Some say a spoonful of sugar helps the medicine go down, but the use of milk sugar (lactose) and other animal products in birth control pills may be hard for animal lovers to swallow. While eliminating their contributions to animal suffering through the foods they eat, the fabrics they wear, and the personal hygiene products they use, vegans still may not think twice about the medications they take on a routine basis. But, like many nutritional supplements and pharmaceutical drugs, the birth control pill is produced using processes and materials that exploit animals.

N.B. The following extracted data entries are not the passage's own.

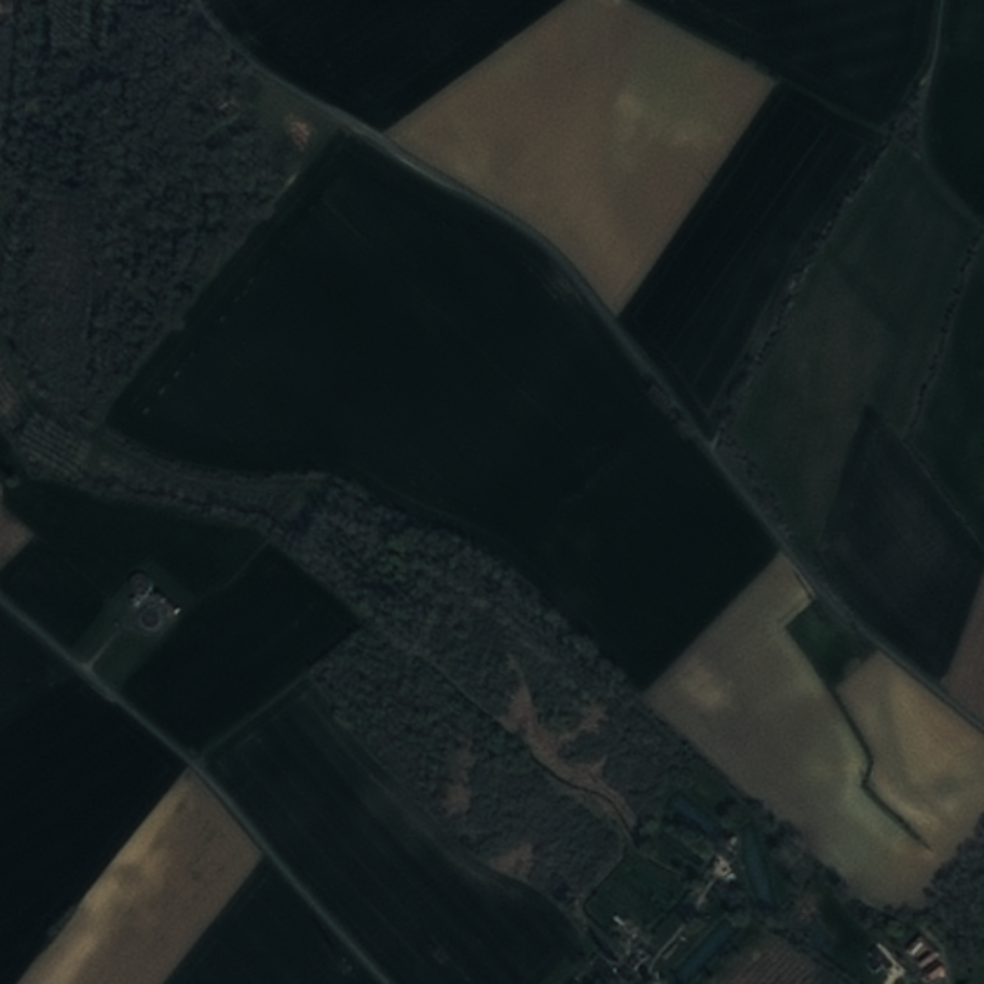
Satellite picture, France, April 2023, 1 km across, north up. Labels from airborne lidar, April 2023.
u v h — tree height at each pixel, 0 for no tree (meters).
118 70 10
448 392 0
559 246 0
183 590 0
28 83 10
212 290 0
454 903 0
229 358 0
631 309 0
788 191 0
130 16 25
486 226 0
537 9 0
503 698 10
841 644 0
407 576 32
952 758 0
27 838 0
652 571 0
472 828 12
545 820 7
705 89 0
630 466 0
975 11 0
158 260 12
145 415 0
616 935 7
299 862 0
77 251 10
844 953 0
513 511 0
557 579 0
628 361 0
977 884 12
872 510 0
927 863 0
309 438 0
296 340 0
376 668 11
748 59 10
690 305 0
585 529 0
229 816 0
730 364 0
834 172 0
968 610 0
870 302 0
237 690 0
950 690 0
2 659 0
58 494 0
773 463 0
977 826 0
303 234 0
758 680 0
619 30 0
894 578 0
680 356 0
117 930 0
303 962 0
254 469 0
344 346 0
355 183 0
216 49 22
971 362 0
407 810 0
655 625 0
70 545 0
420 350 0
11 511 0
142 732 0
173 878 0
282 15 0
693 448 0
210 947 0
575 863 7
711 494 0
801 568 0
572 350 0
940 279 0
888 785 0
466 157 0
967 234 0
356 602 12
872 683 0
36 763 0
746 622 0
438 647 8
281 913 0
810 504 0
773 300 0
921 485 0
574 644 26
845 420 0
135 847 0
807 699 0
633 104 0
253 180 23
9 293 20
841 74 0
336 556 34
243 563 0
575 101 0
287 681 0
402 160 0
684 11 0
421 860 0
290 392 0
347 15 0
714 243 0
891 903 0
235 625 0
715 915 0
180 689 0
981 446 0
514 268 0
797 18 0
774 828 19
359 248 0
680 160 0
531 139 0
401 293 0
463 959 0
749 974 0
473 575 31
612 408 0
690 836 23
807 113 0
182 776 0
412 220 0
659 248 0
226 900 0
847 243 0
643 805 8
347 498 17
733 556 0
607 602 0
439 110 0
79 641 0
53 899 0
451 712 15
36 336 14
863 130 0
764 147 0
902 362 0
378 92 0
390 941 0
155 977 0
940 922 10
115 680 0
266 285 0
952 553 0
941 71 0
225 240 21
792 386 0
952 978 0
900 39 0
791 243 0
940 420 0
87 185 18
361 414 0
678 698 0
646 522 0
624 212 0
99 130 29
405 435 0
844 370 0
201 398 0
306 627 0
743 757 0
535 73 0
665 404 19
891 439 0
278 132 0
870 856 0
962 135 0
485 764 8
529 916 0
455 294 0
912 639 0
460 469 0
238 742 0
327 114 0
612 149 0
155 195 30
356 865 0
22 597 0
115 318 16
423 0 0
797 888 27
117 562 0
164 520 0
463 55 0
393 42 0
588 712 23
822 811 0
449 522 0
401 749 11
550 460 0
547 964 0
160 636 0
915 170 0
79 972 0
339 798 0
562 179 0
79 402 13
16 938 0
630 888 0
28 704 0
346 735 0
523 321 0
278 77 0
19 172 23
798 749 0
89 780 0
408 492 0
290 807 0
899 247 0
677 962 0
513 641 8
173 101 21
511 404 0
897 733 0
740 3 0
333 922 0
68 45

All forms of The Pill, as well as hormonal intrauterine devices (IUDs), contain progestin, a synthetic hormone that is made in labs using cholesterol sourced from animals in many cases. No matter the brand or hormones, all oral contraceptives contain lactose, a sugar that is found in cows’ milk and harvested by humans through artificial insemination. According to Drugs.com, lactose is used to compress pills into solid form and is a “pharmacologically inactive substance,” meaning it is not necessary to the effectiveness of any drug. Healthline reports that this “filler ingredient” can make pills “easier to swallow”; it is, in other words, an animal product that could be avoided in drug production. Some oral contraceptives also contain stearic acid, another unnecessary animal-derived material used to “improve the consistency” of the pills. The copper IUD is one of the only contraceptive options free of animal products, although—as with all contraceptive methods for women—they are tested on animals.
Worldwide laws and regulations currently require all medicines to be tested on animals before they can be tested on humans during clinical trials. In this regard, no medications are animal-friendly, and the industry does not offer any cruelty-free alternatives. Animal testing for cosmetics has been banned in the European Union since 2013, and the global pharmaceutical industry can and should follow suit by abandoning animal experimentation in favor of employing the existing alternatives, such as in vitro and computer-based tests, and exploring new ones.
So what’s a vegan to do? The Vegan Society defines veganism as “a way of living which seeks to exclude—as far as is possible and practicable—all forms of exploitation of, and cruelty to, animals for food, clothing or any other purpose.” Due to the complete lack of animal-friendly birth control pills, combined with the utility and frequent necessity of hormonal birth control, The Pill falls under the “practicable” exception… that is, until pharmaceutical companies can get with the times and make use of ingredients and practices that are not built upon cruelty to or exploitation of animals.